Anglo shares, in contrast, have climbed on speculation that BHP will be forced to improve its offer, or that a rival bid may emerge.
BHP is weighing a revised offer for the company, with the pressure also on Anglo American’s board to outline its strategy to improve its operating performance and share value after a horror 2023 that saw the company’s stock crumble.
Anglo American chairman Stuart Chambers reiterated the board’s unanimous rejection of the BHP offer at Anglo’s annual shareholder meeting on Tuesday night, Australian time.
Mr Chambers told Anglo shareholders gathered in London that UK takeover laws limited the ability of the company to say much more than in its original rejection of BHP’s opening offer – that it undervalued Anglo, and that BHP’s preferred structure, requiring Anglo to divest its stakes in South African platinum and iron ore projects put all of the transaction risk onto the takeover target.
“Having considered the proposal with its advisers, the board unanimously agreed that the proposal is opportunistic and fails to value the company’s prospects, while significantly diluting the relative value upside participation of Anglo American’s shareholders relative to BHP’s shareholders,” he said.
But Anglo confirmed it was still undertaking a strategic review of its assets, announced in February after the company booked a 94 per cent fall in annual profit, along with a series of significant asset write downs.
Mr Chambers refused to rule out supporting a revised bid from BHP, saying its board would consider any revised off from on its merits.

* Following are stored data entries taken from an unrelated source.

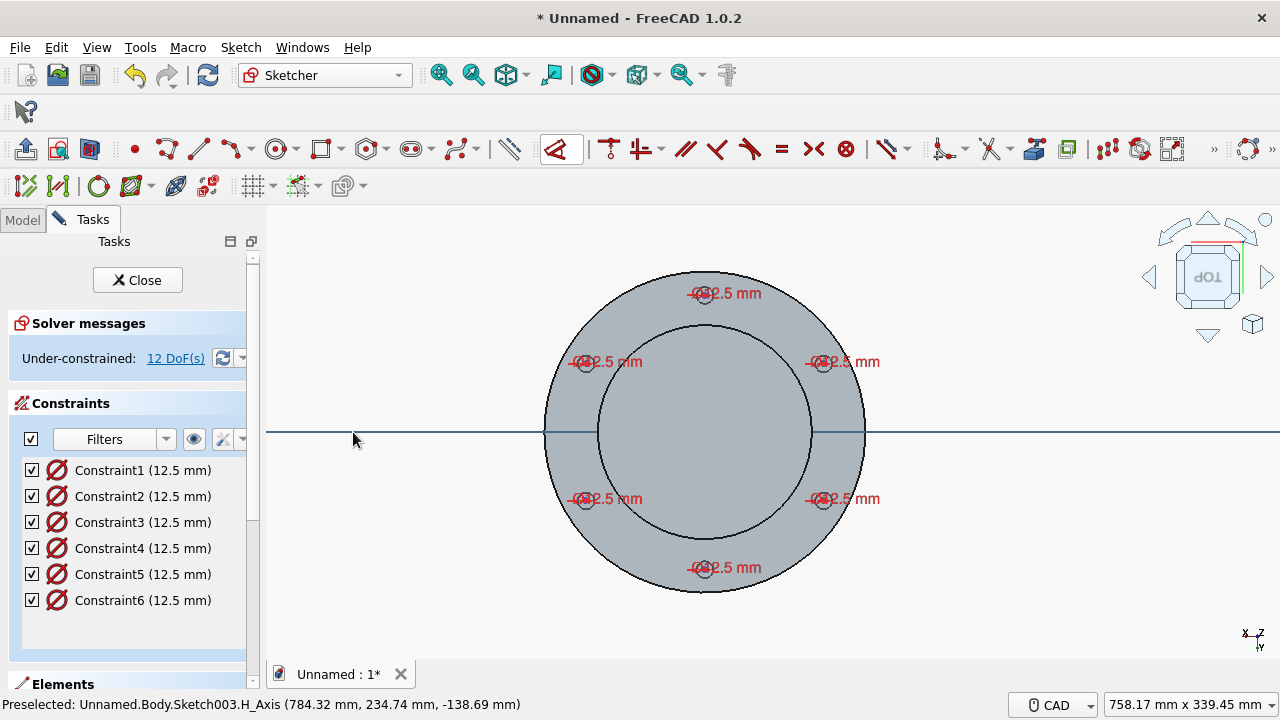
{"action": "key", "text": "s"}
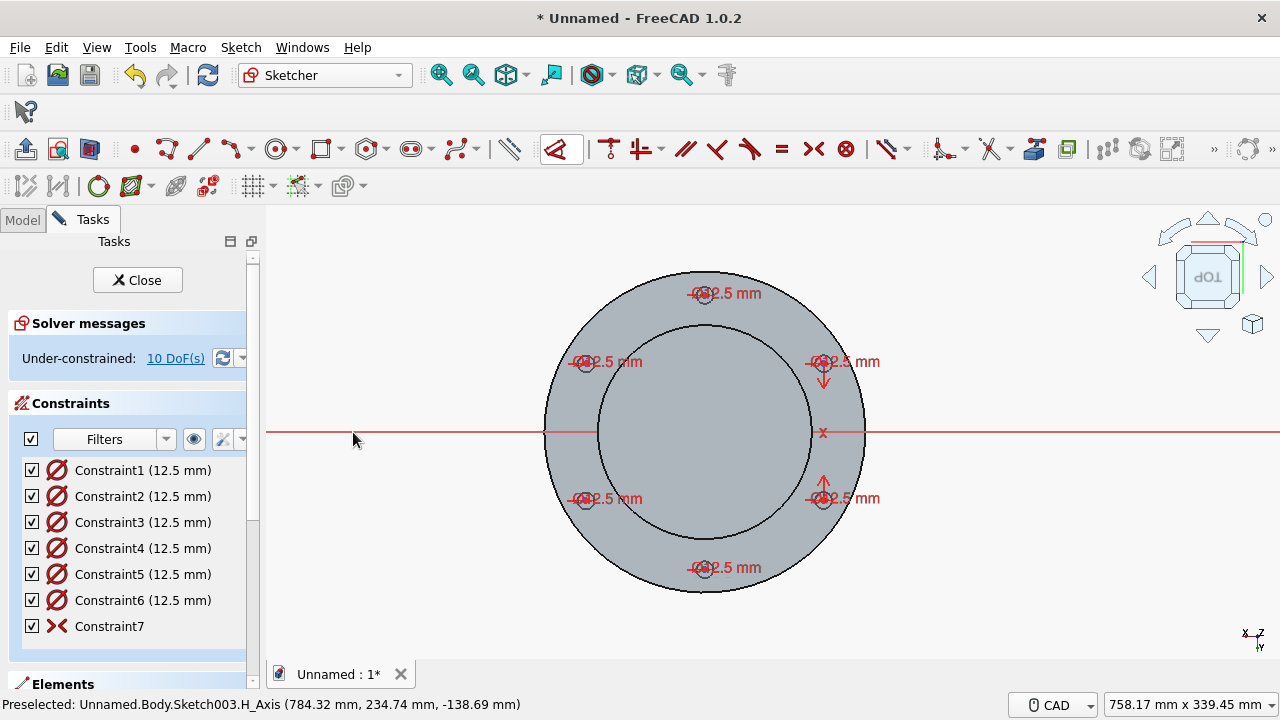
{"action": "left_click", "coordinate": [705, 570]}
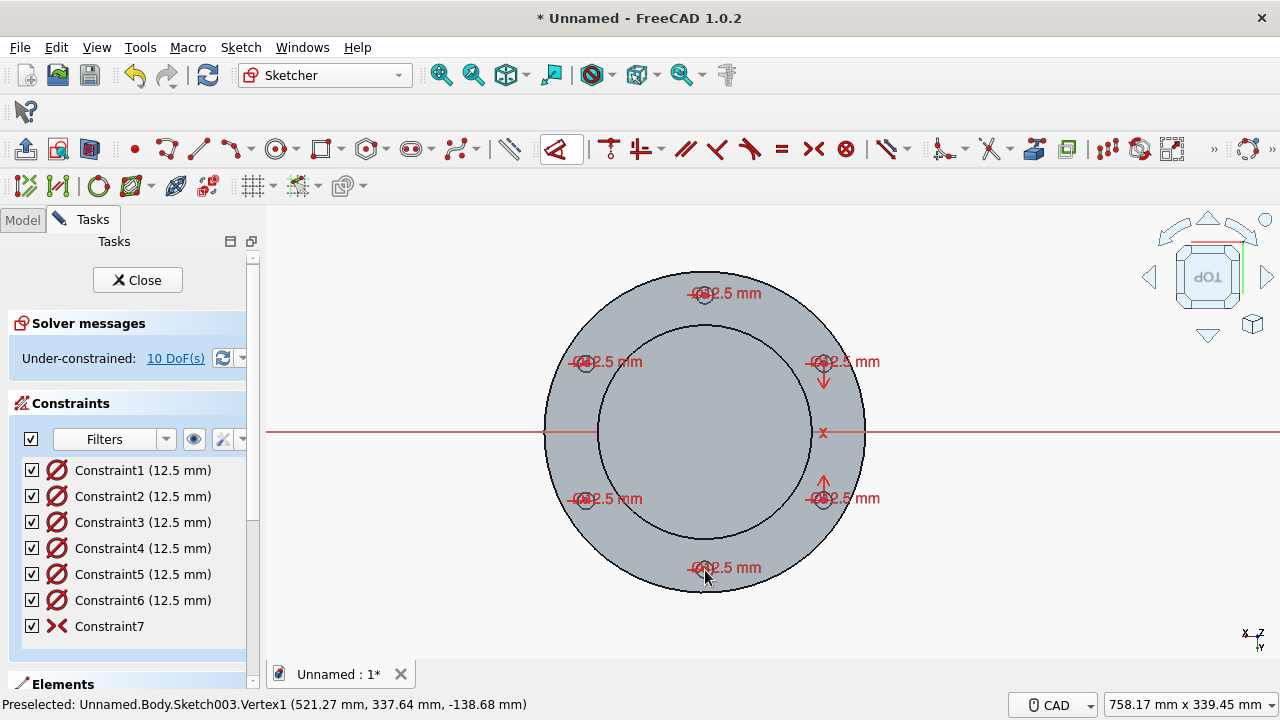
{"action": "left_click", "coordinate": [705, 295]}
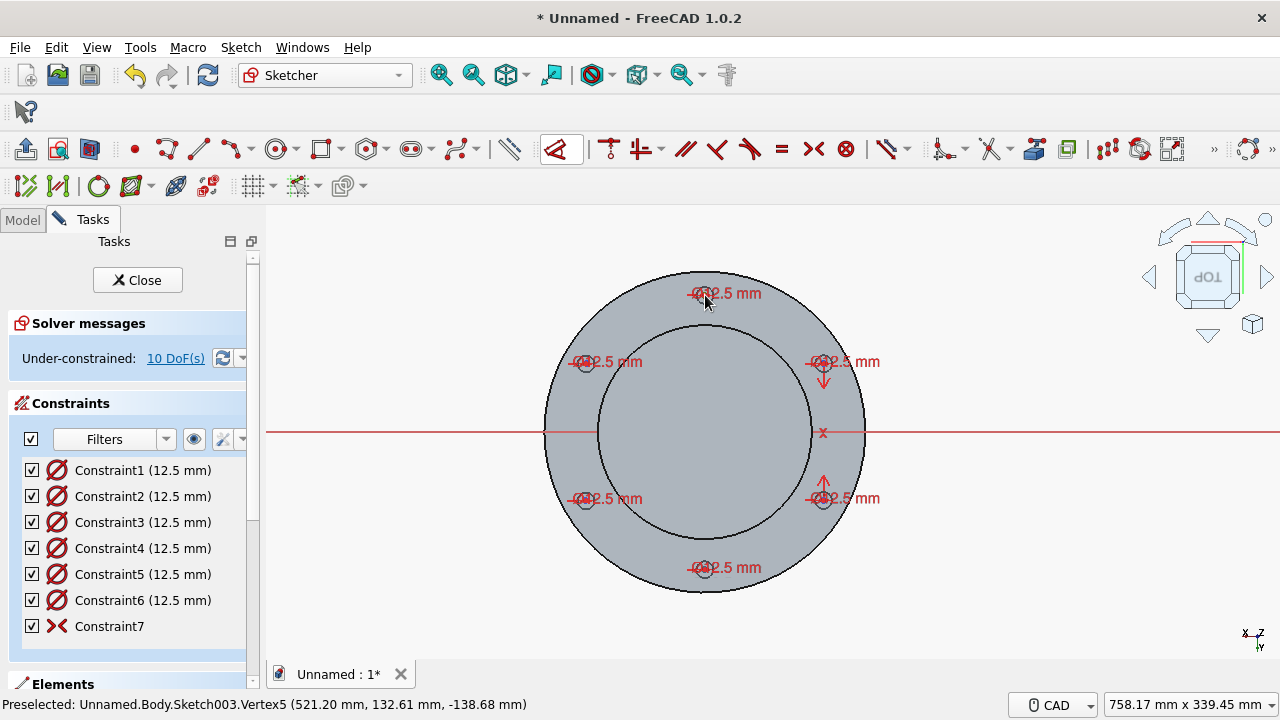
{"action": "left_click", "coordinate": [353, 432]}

UK takeovers laws require BHP to make a firm offer for Anglo American by May 22, or declare its intention not to proceed with a bid.
But, as BHP’s advisers hit the road to sound out the views of major funds and shareholders, the Anglo American chairman also confirmed he would be talking to the major shareholders about their views on value and the company’s strategy.
“I will be meeting with shareholders and listening very carefully, particularly (to) the larger ones in the top 30 of the register, to hear what they feel,” Mr Chambers reportedly said.
“The board doesn’t buy or sell the company – the shareholders decide.”
As part of its £21bn ($40.5bn) takeover bid, BHP has offered 0.7097 of its shares for each Anglo share on issue. The deal is conditional on the spin-out of Anglo‘s shares in platinum and iron ore assets in South Africa to Anglo’s existing shareholders. The overall deal values Anglo shares at £31.1bn, but BHP will pay only for the assets it wants.